Page MenuHomePhabricator

Parsoid doesn't handle unclosed table attributes (because of missing quote) in all scenarios
Closed, ResolvedPublic

Description

This seems to be caused by a missing closing quote in an attribute in [[pl:Szablon:Infobox mapa lokalizacyjna/core]] (after "margin:3px;"). The opening tag missing the quote is rendered as text.

This is of course trivial to fix in the template itself, but you guys might want to support this - please either make it work or close as INVALID and I'll be happy :)


Version: unspecified
Severity: normal
See Also:
https://bugzilla.wikimedia.org/show_bug.cgi?id=51043

Details

Reference
bz49839

Event Timeline

bzimport raised the priority of this task from to Low.Nov 22 2014, 2:08 AM
bzimport added a project: Parsoid.
bzimport set Reference to bz49839.

We do go to some effort to support broken wikitext, but may not handle all kinds of broken wikitext well. See https://git.wikimedia.org/blob/mediawiki%2Fcore.git/7fadd2c9f3fb8914f5ac4aabddbb761d66427c64/tests%2Fparser%2FparserTests.txt#L15230 for some tests we've added.

While we'll fix what we can, please fix the template as well :) -- I think it is a good idea to keep fixing broken templates/wikitext so the need for hacks on our end is reduced.

We'll keep this ticket around to see if we want to do any additional fixes on the Parsoid end, or take a test snippet out of this and close this out.

Thanks for the reply.

For the record, I fixed[1] the template at pl.wp and the issue is no longer visible. (The infobox still looks funny in VE, but that's another thing.)

[1] https://pl.wikipedia.org/w/index.php?title=Szablon:Infobox_mapa_lokalizacyjna/core&diff=36825693&oldid=36435239

  • Bug 51786 has been marked as a duplicate of this bug. ***

Test snippet from bug 51786:

You can reproduce the bug with the following snippet in your sandbox (all the wikitext elements below are necessary for the bug to show up in its nasty form -- with some pieces removed, Parsoid handles it much better).

:{|
|-
! bgcolor="bbbbbb" | Game postponed
|}

{|
|- bgcolor="
| a || b
|}

As a short term improvement would it be possible to get syntax like this <nowiki>ed rather than deleted?

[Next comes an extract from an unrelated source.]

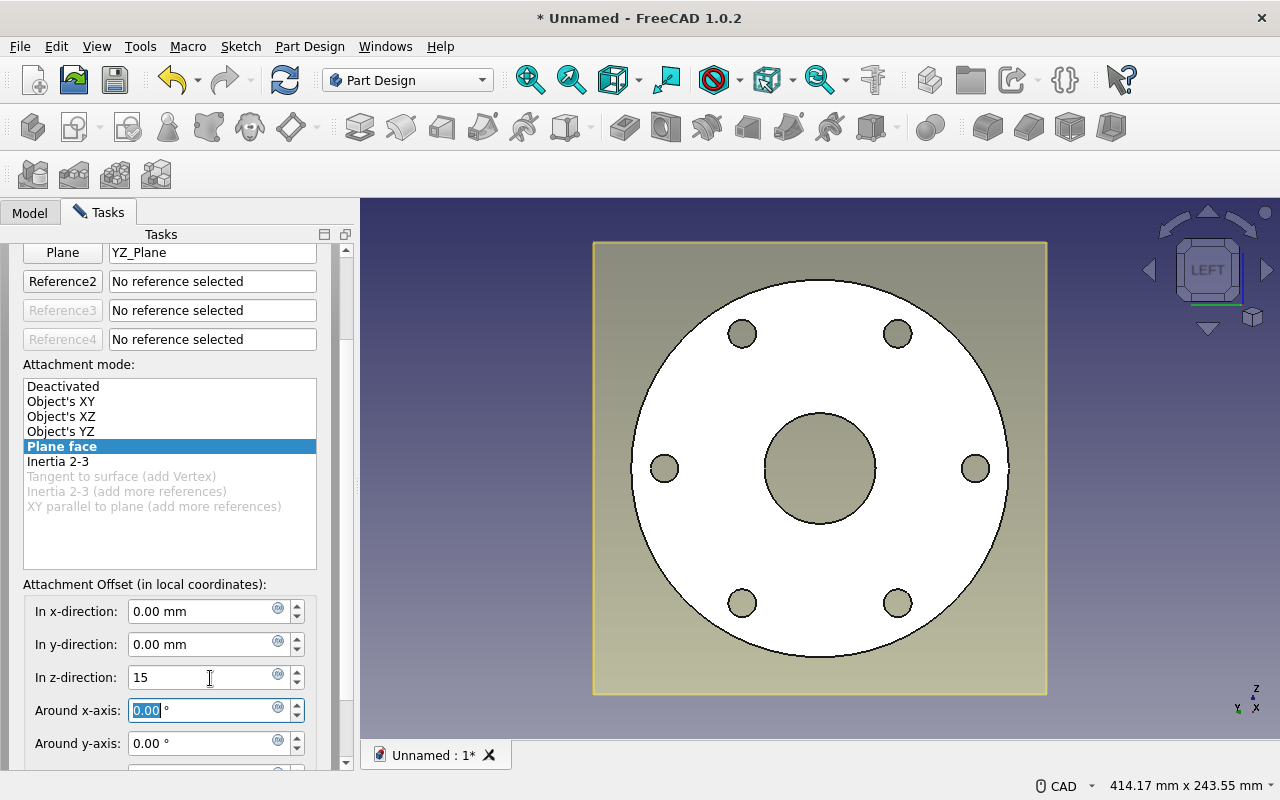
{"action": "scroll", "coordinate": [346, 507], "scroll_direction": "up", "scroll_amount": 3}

Nowikis are tracked so they'll be easier to find, and it will make the markup easier to fix.

If we can tokenize the bad wikitext correctly, we can do whatever we want with it -- including fixing it up. In order to recognize it as bad wikitext to add nowikis, we have to fix the parsing to deal with it .. at which point, we can fixup the wikitext automatically. So, it is not necessarily any easier to wrap them in nowikis.

That said, we'll consider solutions if we can think of some way to protect this and other forms of broken wikitext. In some cases, we do have enough information to do auto-fixes or protect broken wikitext (See: bug 46705).

https://en.wikipedia.org/w/index.php?title=Condor_Flugdienst&diff=565754331&oldid=562922174 looks like this bug (or possibly 44498) but I can't spot any unclosed attributes and find and replace tells me there are an even number of quotes.

Is that edit on that Condor_Flugdienst (un)intentional vandalism? I couldn't reproduce the error. However, based on changes, it seems that the entire header has been deleted. Also, there is some text there which is not in the original page ("flotte CondorAvionEn servicePassagers"). So, I don't know what exactly happened there besides that.

Arlolra set Security to None.
Arlolra claimed this task.
Arlolra subscribed.

We do much better on the test snippet in T51839#585006 these days.